Quiet to moderate volume bars > loud "hip" bars any day.

------
Rickasaurus
I don't usually have a very good time at the conference after parties but
there have been a few exceptions.

The best time I've ever had at a conference was at TechEd New Orleans. It was
fantastic just to buddy around with the same people making the programming
languages and tools that I love. I made a ton of connections and some
conversations even turned into opportunities down the road.
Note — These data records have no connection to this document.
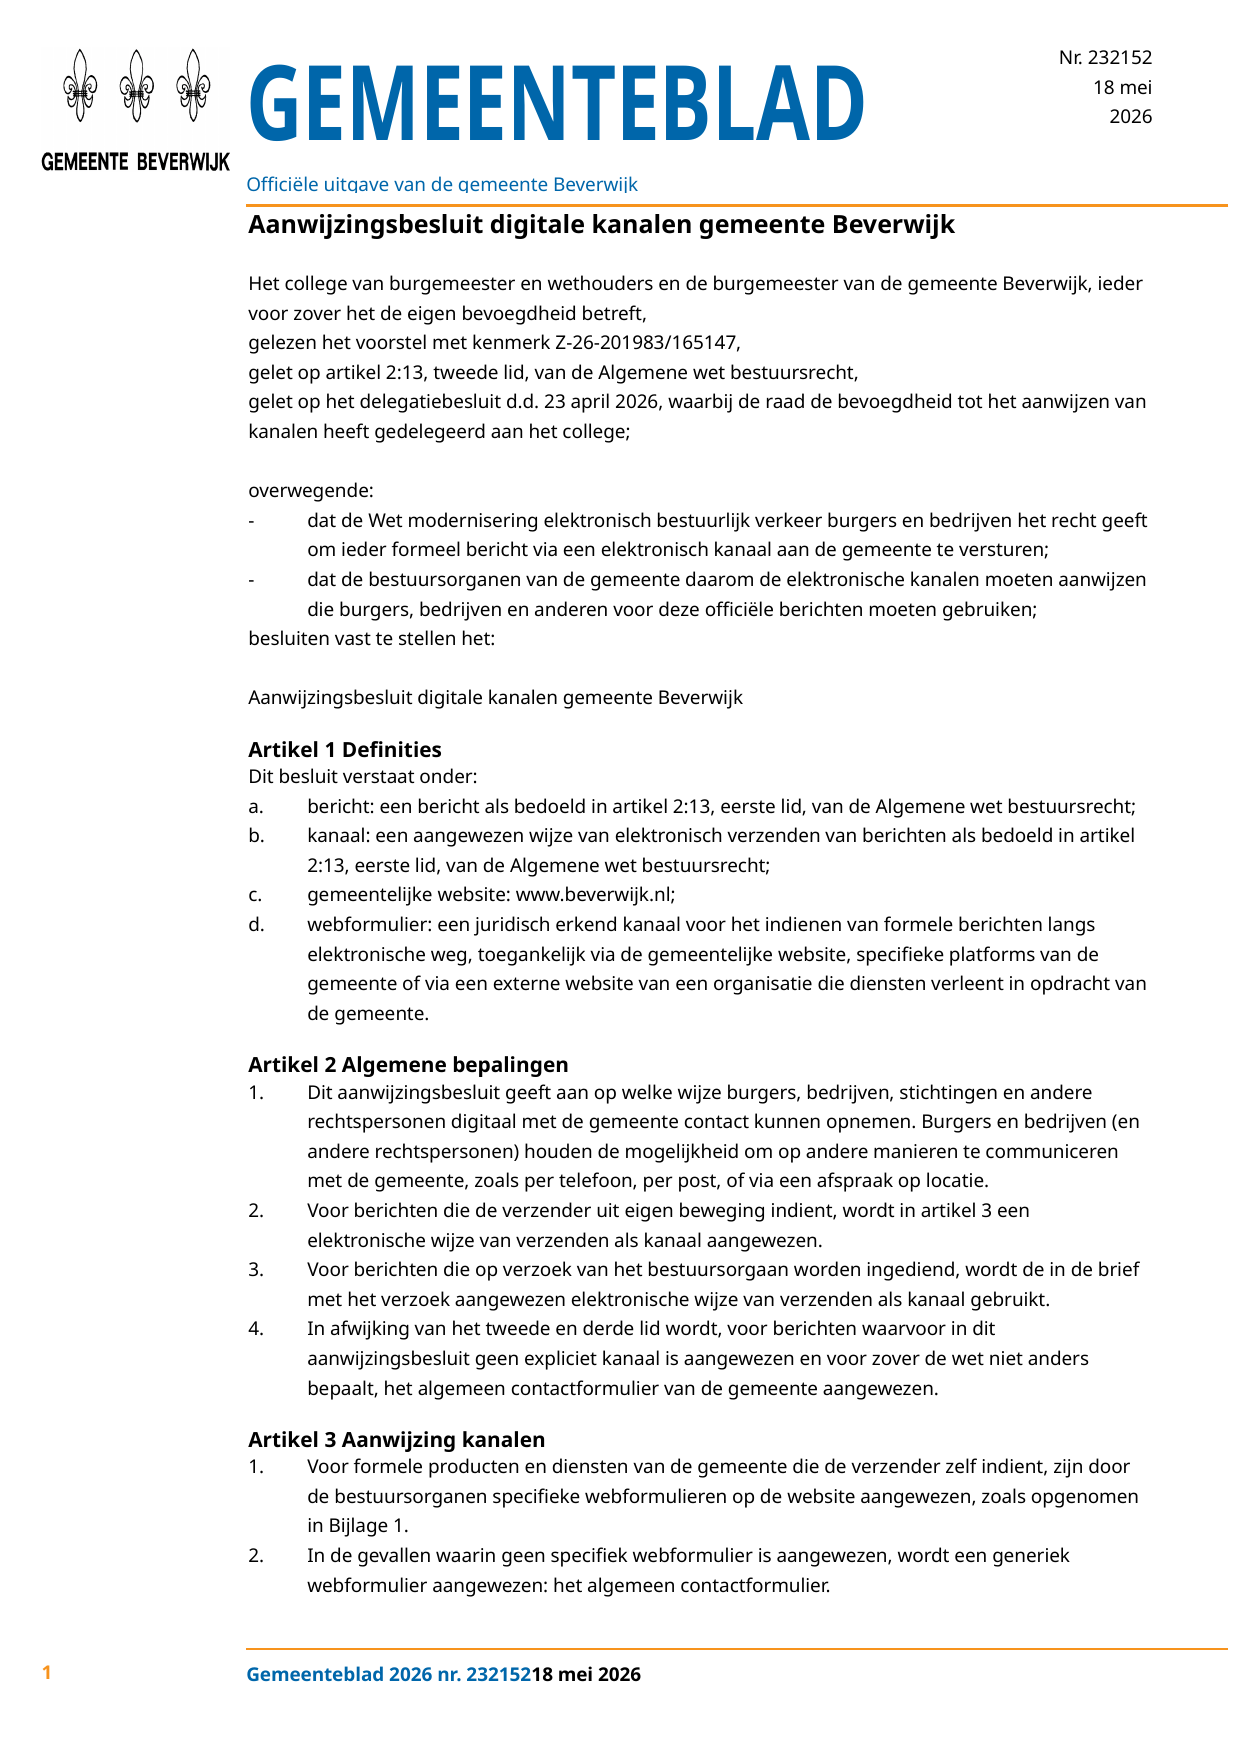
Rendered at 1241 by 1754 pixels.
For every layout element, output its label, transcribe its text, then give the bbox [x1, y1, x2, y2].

text Aanwijzingsbesluit digitale kanalen gemeente Beverwijk [248, 684, 1152, 710]
text overwegende: [248, 477, 1152, 503]
list Voor berichten die op verzoek van het bestuursorgaan worden ingediend, wordt de in de brief met het verzoek aangewezen elektronische wijze van verzenden als kanaal gebruikt. [248, 1256, 1152, 1312]
list dat de bestuursorganen van de gemeente daarom de elektronische kanalen moeten aanwijzen die burgers, bedrijven en anderen voor deze officiële berichten moeten gebruiken; [248, 566, 1152, 621]
text gelet op artikel 2:13, tweede lid, van de Algemene wet bestuursrecht, [248, 359, 1152, 385]
list In de gevallen waarin geen specifiek webformulier is aangewezen, wordt een generiek webformulier aangewezen: het algemeen contactformulier. [248, 1542, 1152, 1598]
list webformulier: een juridisch erkend kanaal voor het indienen van formele berichten langs elektronische weg, toegankelijk via de gemeentelijke website, specifieke platforms van de gemeente of via een externe website van een organisatie die diensten verleent in opdracht van de gemeente. [248, 911, 1152, 1026]
text Het college van burgemeester en wethouders en de burgemeester van de gemeente Beverwijk, ieder voor zover het de eigen bevoegdheid betreft, [248, 270, 1152, 326]
list bericht: een bericht als bedoeld in artikel 2:13, eerste lid, van de Algemene wet bestuursrecht; [248, 793, 1152, 819]
list Voor berichten die de verzender uit eigen beweging indient, wordt in artikel 3 een elektronische wijze van verzenden als kanaal aangewezen. [248, 1197, 1152, 1252]
text Artikel 2 Algemene bepalingen [248, 1050, 1152, 1079]
list gemeentelijke website: www.beverwijk.nl; [248, 882, 1152, 907]
list Dit aanwijzingsbesluit geeft aan op welke wijze burgers, bedrijven, stichtingen en andere rechtspersonen digitaal met de gemeente contact kunnen opnemen. Burgers en bedrijven (en andere rechtspersonen) houden de mogelijkheid om op andere manieren te communiceren met de gemeente, zoals per telefoon, per post, of via een afspraak op locatie. [248, 1079, 1152, 1193]
text gelezen het voorstel met kenmerk Z-26-201983/165147, [248, 329, 1152, 355]
text Dit besluit verstaat onder: [248, 763, 1152, 789]
list Voor formele producten en diensten van de gemeente die de verzender zelf indient, zijn door de bestuursorganen specifieke webformulieren op de website aangewezen, zoals opgenomen in Bijlage 1. [248, 1453, 1152, 1538]
list kanaal: een aangewezen wijze van elektronisch verzenden van berichten als bedoeld in artikel 2:13, eerste lid, van de Algemene wet bestuursrecht; [248, 822, 1152, 878]
text Artikel 3 Aanwijzing kanalen [248, 1425, 1152, 1453]
text Aanwijzingsbesluit digitale kanalen gemeente Beverwijk [248, 207, 1152, 241]
text besluiten vast te stellen het: [248, 625, 1152, 651]
text Artikel 1 Definities [248, 735, 1152, 763]
list dat de Wet modernisering elektronisch bestuurlijk verkeer burgers en bedrijven het recht geeft om ieder formeel bericht via een elektronisch kanaal aan de gemeente te versturen; [248, 507, 1152, 562]
list In afwijking van het tweede en derde lid wordt, voor berichten waarvoor in dit aanwijzingsbesluit geen expliciet kanaal is aangewezen en voor zover de wet niet anders bepaalt, het algemeen contactformulier van de gemeente aangewezen. [248, 1316, 1152, 1400]
picture [41, 47, 231, 172]
text gelet op het delegatiebesluit d.d. 23 april 2026, waarbij de raad de bevoegdheid tot het aanwijzen van kanalen heeft gedelegeerd aan het college; [248, 389, 1152, 444]
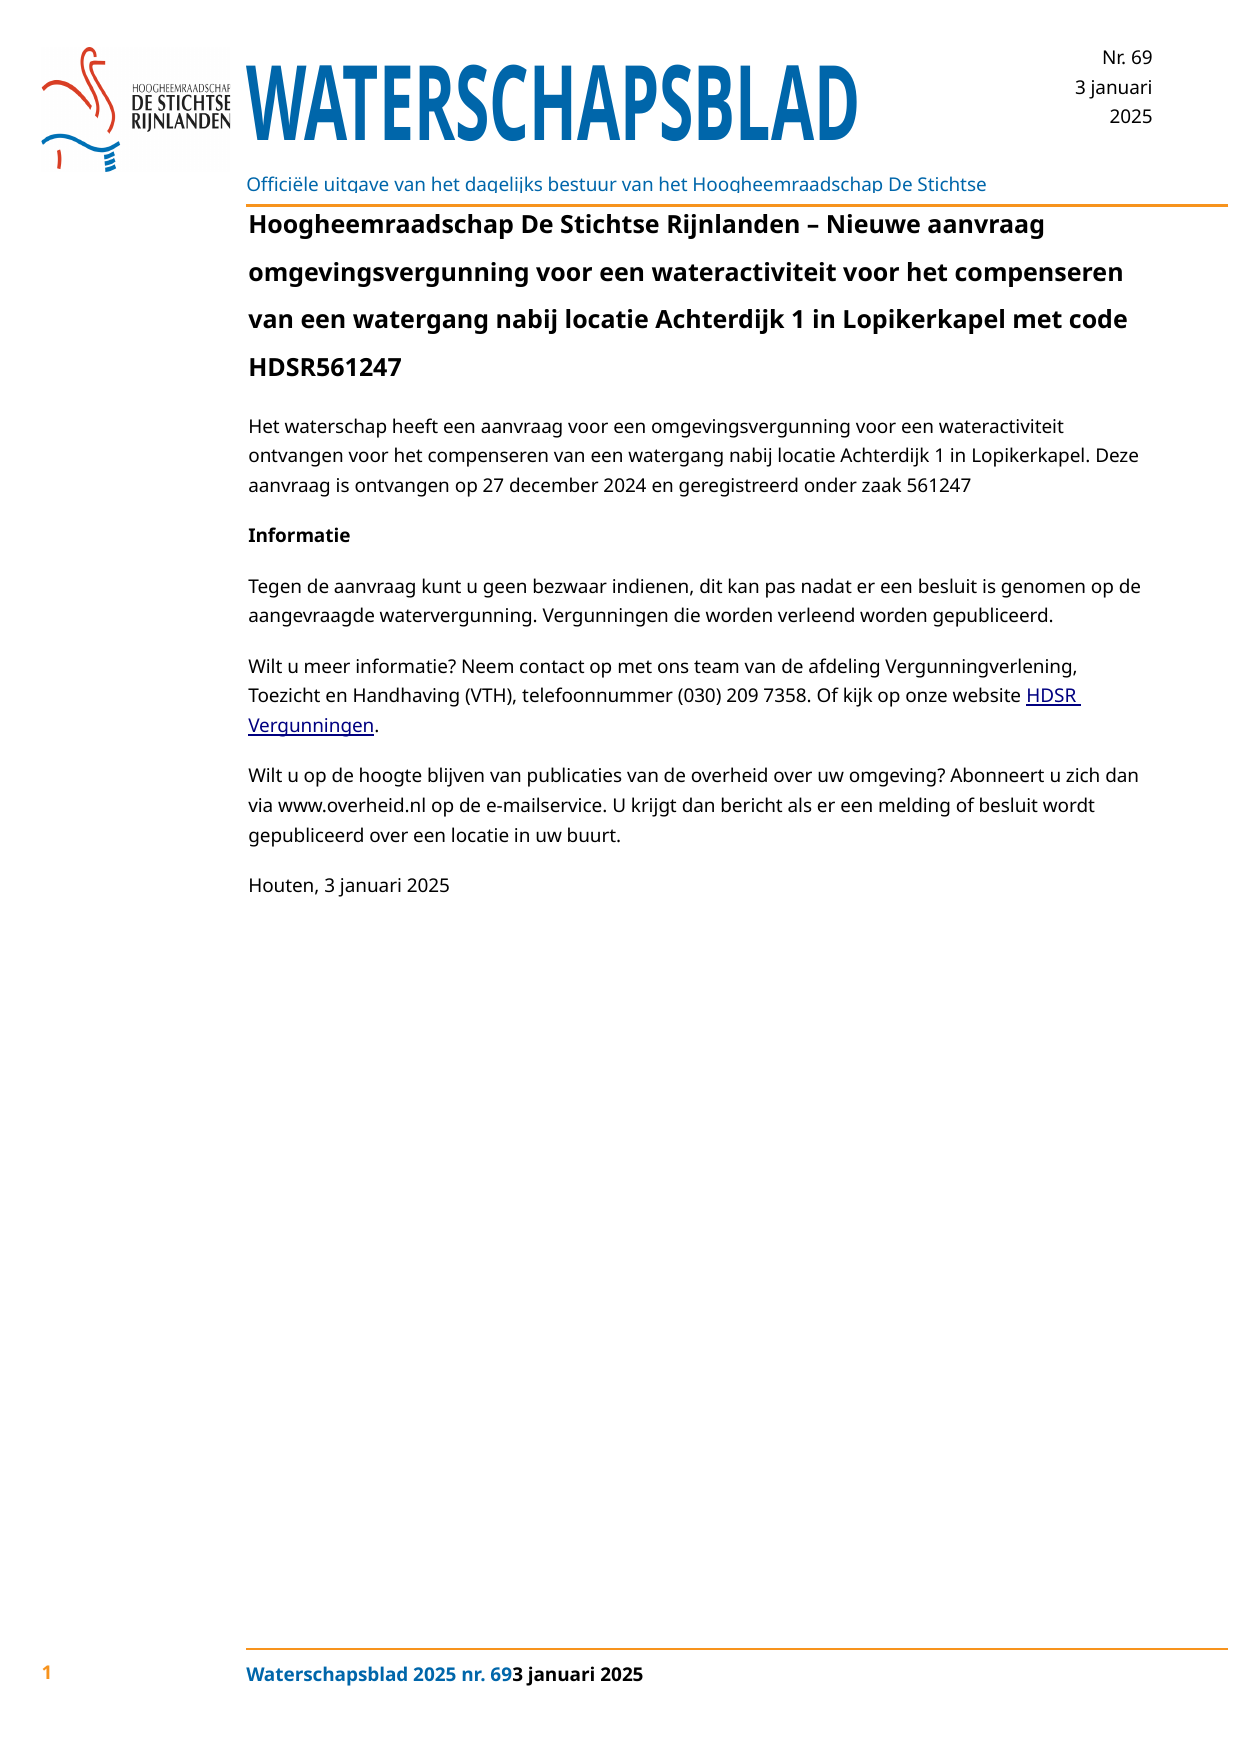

I'm an introvert by nature, but exhausting as it is, it really pays to put
yourself out there.

Another example was at PDC. They had a big party with arcade games and VR
simulators. Sure, there was beer, but tons of folks were throwing down on some
Street Fighter as well. If you don't like partying, and you don't like video
games are there any social activities that you enjoy at all?

------
ryan-allen
I'm one of those programmers who likes drinking and yelling about JavaScript
in noisy bars after a conference. I'm friends with both types of programmers
as well, and enjoy sober conversations about JavaScript (again, usually
yelling).

There's opportunity here to start another movement at conferences like how the
unconf stuff popped up at the larger ones. Why not start a 'ModerateConf'
unafterparty at these things? Have hacking spaces, name tags, light music and
a small bar. All the 'brogrammers' (how I hate that term!) will go to the
other places and do their shots of absinthe.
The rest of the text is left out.